We know how, because we forget every day.
We know far more than the disciples did that stormy day. We know that their teacher Jesus is the Son of God. We know that He proved his love for them and for us by taking all our sins into his body on the cross. And we know that He conquered death forever when He took in that first breath on Easter morning.
We know of the power and love of Jesus through the writings of some of those very disciples, and we have experienced his work in our lives and his love in our hearts. But we forget that He is just as present with us as He was in that boat. We mistake lack of supernatural intervention in our circumstances as lack of guidance or care. We assume God doesn’t know what’s good for us as well as we do, because if He did, He would do it. Or we assume He must not be as powerful as He said.
The only thing that can take away our fear is our trust in who Jesus is. Just as our two-year-old son must trust that his parents are telling him the truth about the world, we must trust our loving, powerful Heavenly Father when He tells us we have nothing to fear.

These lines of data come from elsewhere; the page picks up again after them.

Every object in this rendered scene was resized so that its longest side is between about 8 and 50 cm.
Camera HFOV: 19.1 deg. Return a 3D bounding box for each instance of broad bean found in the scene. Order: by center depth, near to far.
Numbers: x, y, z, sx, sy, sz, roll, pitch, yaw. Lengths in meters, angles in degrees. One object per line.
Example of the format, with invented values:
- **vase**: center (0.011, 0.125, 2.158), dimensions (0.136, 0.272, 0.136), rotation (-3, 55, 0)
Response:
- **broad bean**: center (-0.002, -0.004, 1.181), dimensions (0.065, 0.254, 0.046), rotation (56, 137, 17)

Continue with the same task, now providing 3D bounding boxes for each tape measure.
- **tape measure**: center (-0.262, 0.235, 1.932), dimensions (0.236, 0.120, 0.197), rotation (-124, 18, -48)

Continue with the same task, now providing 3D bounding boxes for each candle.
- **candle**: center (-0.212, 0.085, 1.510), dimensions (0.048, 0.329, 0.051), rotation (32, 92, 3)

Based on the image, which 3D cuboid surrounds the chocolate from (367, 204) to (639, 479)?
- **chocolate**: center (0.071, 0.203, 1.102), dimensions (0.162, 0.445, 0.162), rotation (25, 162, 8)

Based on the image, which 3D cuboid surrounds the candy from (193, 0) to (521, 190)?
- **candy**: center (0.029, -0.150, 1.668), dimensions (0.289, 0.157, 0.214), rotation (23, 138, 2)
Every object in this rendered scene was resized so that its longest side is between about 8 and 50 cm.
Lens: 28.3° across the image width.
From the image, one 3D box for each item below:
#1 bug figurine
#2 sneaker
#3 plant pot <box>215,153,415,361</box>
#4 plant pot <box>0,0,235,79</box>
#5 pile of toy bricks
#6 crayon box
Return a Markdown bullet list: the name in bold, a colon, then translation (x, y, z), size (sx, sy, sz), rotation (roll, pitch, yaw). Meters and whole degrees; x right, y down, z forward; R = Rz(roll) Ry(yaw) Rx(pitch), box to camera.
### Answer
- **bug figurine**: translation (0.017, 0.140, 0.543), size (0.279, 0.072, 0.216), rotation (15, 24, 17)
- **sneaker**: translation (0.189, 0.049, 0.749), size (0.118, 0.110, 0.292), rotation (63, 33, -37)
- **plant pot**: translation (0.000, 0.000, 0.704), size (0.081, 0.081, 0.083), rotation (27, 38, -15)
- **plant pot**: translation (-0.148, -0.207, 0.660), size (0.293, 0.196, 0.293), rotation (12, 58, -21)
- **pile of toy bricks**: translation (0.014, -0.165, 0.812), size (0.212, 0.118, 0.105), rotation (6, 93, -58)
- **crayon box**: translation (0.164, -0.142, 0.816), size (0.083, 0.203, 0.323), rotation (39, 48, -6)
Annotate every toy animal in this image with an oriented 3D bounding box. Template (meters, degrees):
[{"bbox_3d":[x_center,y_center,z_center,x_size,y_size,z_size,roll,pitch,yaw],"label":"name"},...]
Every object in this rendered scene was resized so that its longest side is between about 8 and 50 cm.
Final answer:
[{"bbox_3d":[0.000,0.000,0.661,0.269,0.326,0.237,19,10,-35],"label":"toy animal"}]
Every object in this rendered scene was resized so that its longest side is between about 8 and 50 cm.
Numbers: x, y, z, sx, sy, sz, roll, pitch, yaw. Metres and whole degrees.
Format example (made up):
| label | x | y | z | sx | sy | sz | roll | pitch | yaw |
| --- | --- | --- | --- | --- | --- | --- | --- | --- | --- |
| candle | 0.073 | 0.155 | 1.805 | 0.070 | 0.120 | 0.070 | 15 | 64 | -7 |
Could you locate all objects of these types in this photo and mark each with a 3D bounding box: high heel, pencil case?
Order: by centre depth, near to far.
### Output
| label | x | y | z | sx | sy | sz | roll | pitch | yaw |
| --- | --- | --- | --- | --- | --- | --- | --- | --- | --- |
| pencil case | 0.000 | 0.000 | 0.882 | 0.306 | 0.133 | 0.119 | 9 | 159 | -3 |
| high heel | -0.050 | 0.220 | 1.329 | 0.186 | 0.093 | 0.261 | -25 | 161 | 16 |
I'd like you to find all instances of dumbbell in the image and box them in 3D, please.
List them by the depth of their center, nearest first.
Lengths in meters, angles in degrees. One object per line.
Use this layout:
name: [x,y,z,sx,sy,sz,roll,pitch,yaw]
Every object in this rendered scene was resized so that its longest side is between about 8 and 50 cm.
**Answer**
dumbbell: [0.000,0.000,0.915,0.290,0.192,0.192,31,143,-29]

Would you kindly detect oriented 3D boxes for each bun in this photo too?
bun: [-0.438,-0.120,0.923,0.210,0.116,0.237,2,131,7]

Even in their confusion, the disciples were on the right track when they asked each other, “Who then is this, that He commands even winds and water, and they obey him?” (8:25) Who is Jesus? The answer changes everything.
Jesus is the Son of God, the Word that brought the universe into being. His power is only matched by his love – the love that sent him to die to redeem us from our sin. Until He returns to dwell with us forever, we will have pain, trouble, and death. But as huge and immediate as they seem, compared to Jesus, they have no more power than the wolf in the neighbor’s garage.
Scripture
“Where is your faith?” Jesus asked his disciples.
In fear and amazement they asked one another, “Who is this? He commands even the winds and the water, and they obey him.” Luke 8:25 NIV
Abide
Dear Jesus, Please tether our hearts to the truth of who You are. Take away our fears, and the unbelief from which they grow, and replace them with solid faith in Your power, mercy, provision, and love. We know that You won’t always remove our difficult circumstances, so we ask You to give us more of your perspective as You use our hardships to make us more like yourself. Place the hope of your return deep into our souls. Keep our hearts until that day. In Your Matchless Name, Amen.
Overflow
When you are tempted to worry today, ask God right then to show you a truth about Himself that will calm your fear.